Роуэн взглянул на Пола Сэндмена. Он прекрасно понимал, что означает присутствие во время этого разговора психиатра, и какой ответ предполагает заданный вопрос. Господи, как он ненавидит психиатров с их вопросами, утих волков, рядящихся в овечек!
– Боже, Пол, откуда мне знать? А ты что думаешь?
Пол вперил в Роуэна взгляд своих холодных, как лед, голубых глаз. Подобный взгляд не раз усмирял даже самых несговорчивых пациентов.
– Раз уж у тебя не было сердечного приступа – а обследование показало, что его не было, у тебя потрясающе здоровое сердце, хотя ритм сокращений несколько ниже нормы, – он говорил совершенно спокойно, в отличие от взбудораженного Роуэна, – тогда я бы сказал, что ты перенес некую эмпатическую реакцию на приступ этого Фахида аль-Саккафа.
– И что это значит? – поинтересовался доктор Кеплер.
– У некоторых людей способность сопереживать доходит до симуляции физических симптомов.
– Я не симулировал его симптомы! – вклинился в разговор Роуэн. – Мое состояние не имело ничего общего с сердечным приступом.
Джеймс Кеплер не обратил на него никакого внимания:
– Вроде того, когда мужчина может испытывать схватки в то время, как рожает его жена?
– Точно, – ответил психиатр.
– Парни, я же объясняю вам, что не старался изобразить приступ!
В ответ на это психиатр просто пожал плечами:
– Тебе вовсе не надо было ничего изображать. Ты просто отреагировал на его страдания своими, – прежде, чем кто-либо успел вставить слово, он продолжил: – Хотя эмпатическая реакция не слишком широко распространена, подобный феномен все же встречается. Я видел матерей, страдавших от болей. когда болели их дети, и мужчин, которые, как их беременные жены, испытывали по утрам тошноту. У большинства же людей способность сопереживать ограничена. Мы можем представить себе, что такое потеря близкого человека, поэтому, если подобный удар постигнет друга, мы будем плакать вместе с ним.
– Слушай, – вставил Роуэн, – ты забываешь об одном. Во всех случаях, о которых ты рассказываешь, человек с эмпатической реакцией находится в близких отношениях с больным. А я ни разу не встречался с мистером аль-Саккафом до того, как он вошел в мой кабинет.
Как только Роуэн привел этот аргумент, он сразу осознал его неубедительность, вспомнив, как в субботу вечером воспринимал чувства всех, находившихся в ресторане. Он радовался и грустил вместе с совершенно незнакомыми людьми. Проблема состояла в том, что они не были ему безразличны. Он беспокоился о них, хоть они и были для него посторонними. В тот момент Роуэн не ощущал себя, став проводником для чувств и мыслей других.
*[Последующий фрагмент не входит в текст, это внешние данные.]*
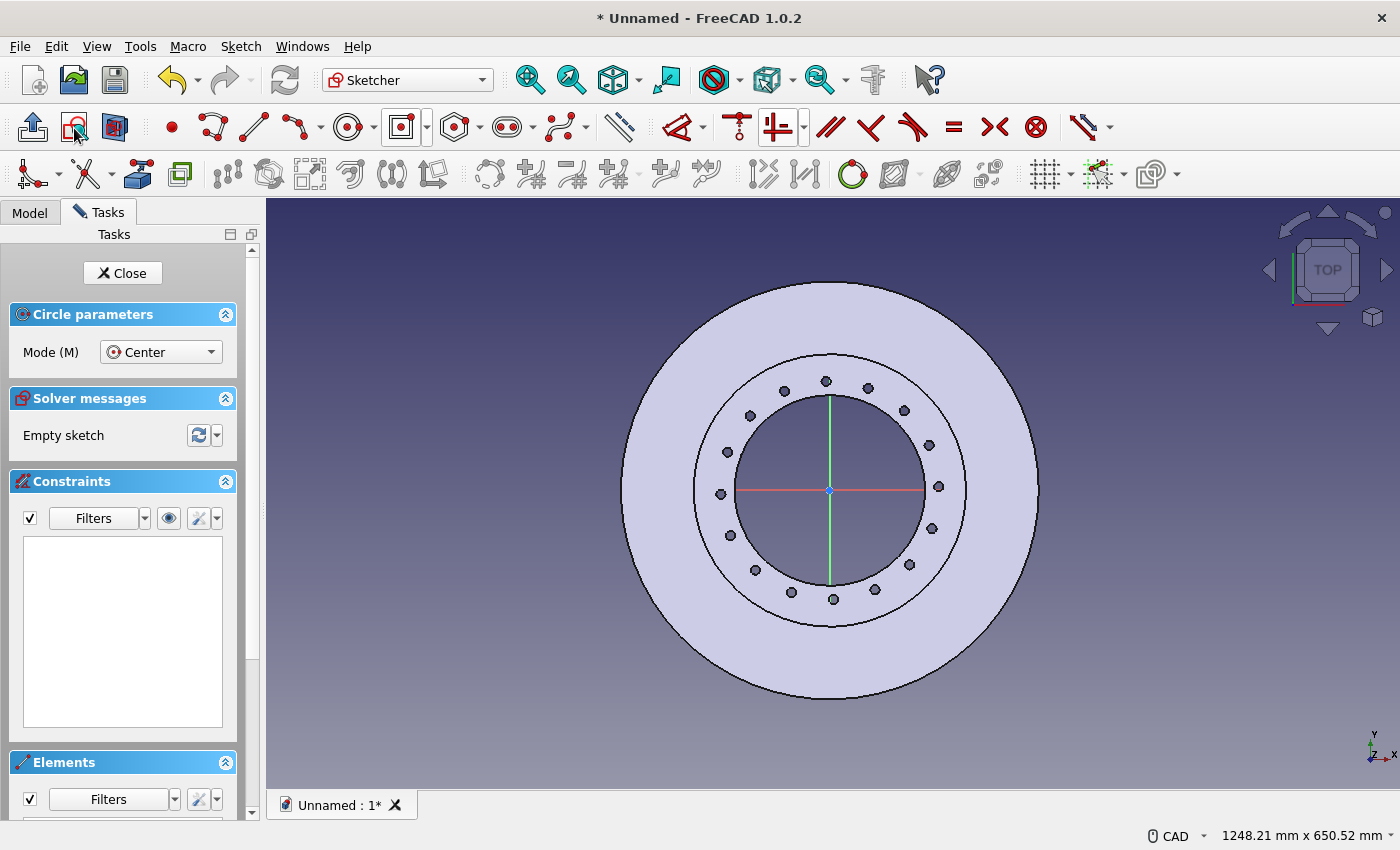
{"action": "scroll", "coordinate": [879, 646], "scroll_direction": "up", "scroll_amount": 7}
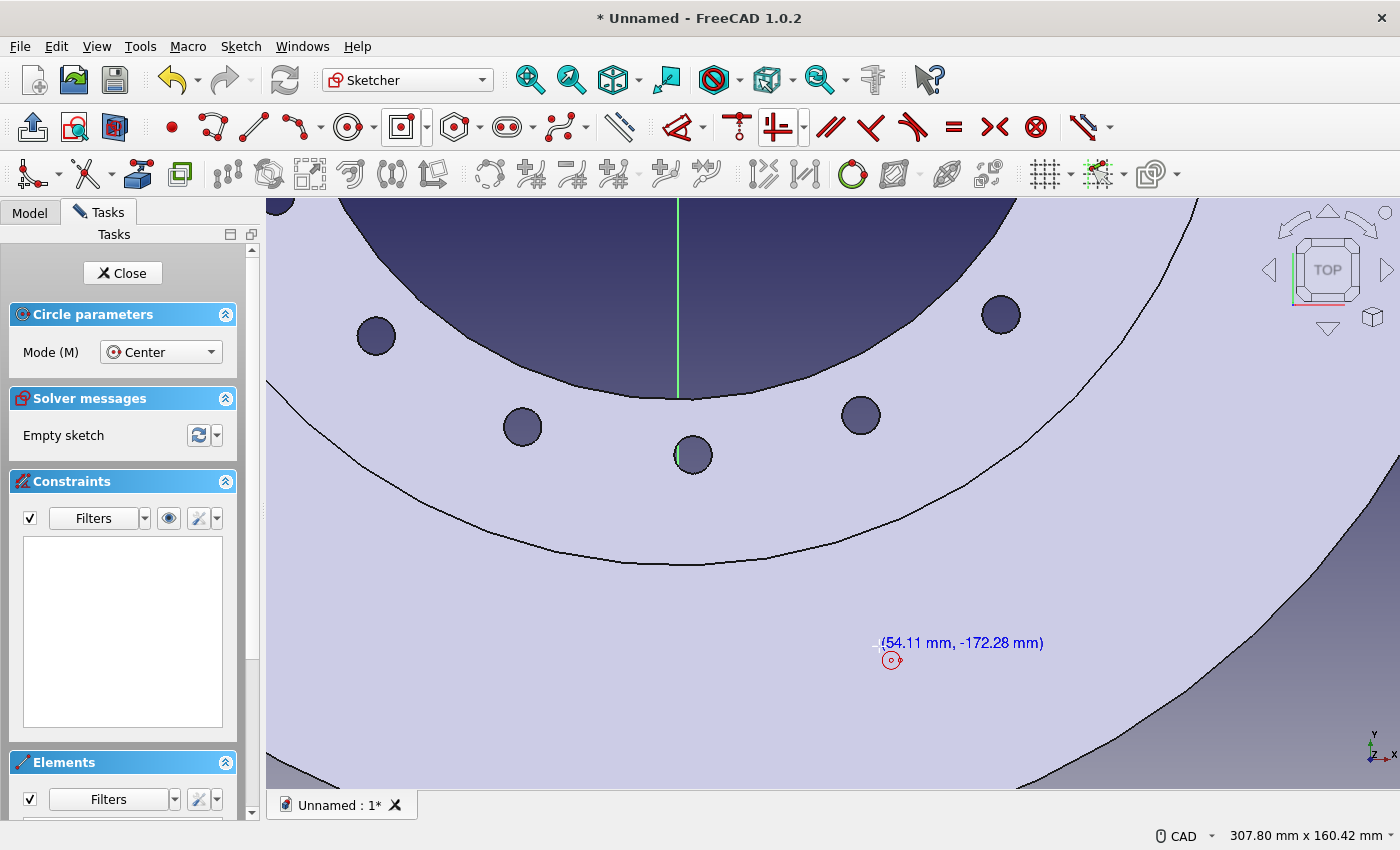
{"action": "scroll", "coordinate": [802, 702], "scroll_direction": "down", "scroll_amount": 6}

Пол Сэндмен снова пожал плечами:
– Ты перенес травму.
Тут его глаза, стальные, словно капкан, уставились на Роуэна, и он добавил:
– Я разговаривал с парой человек, тоже оказавшихся на волосок от смерти. Они описывали свет, туннели, выход из собственного тела и тому подобное. Оба после этого стали иначе воспринимать чувства других.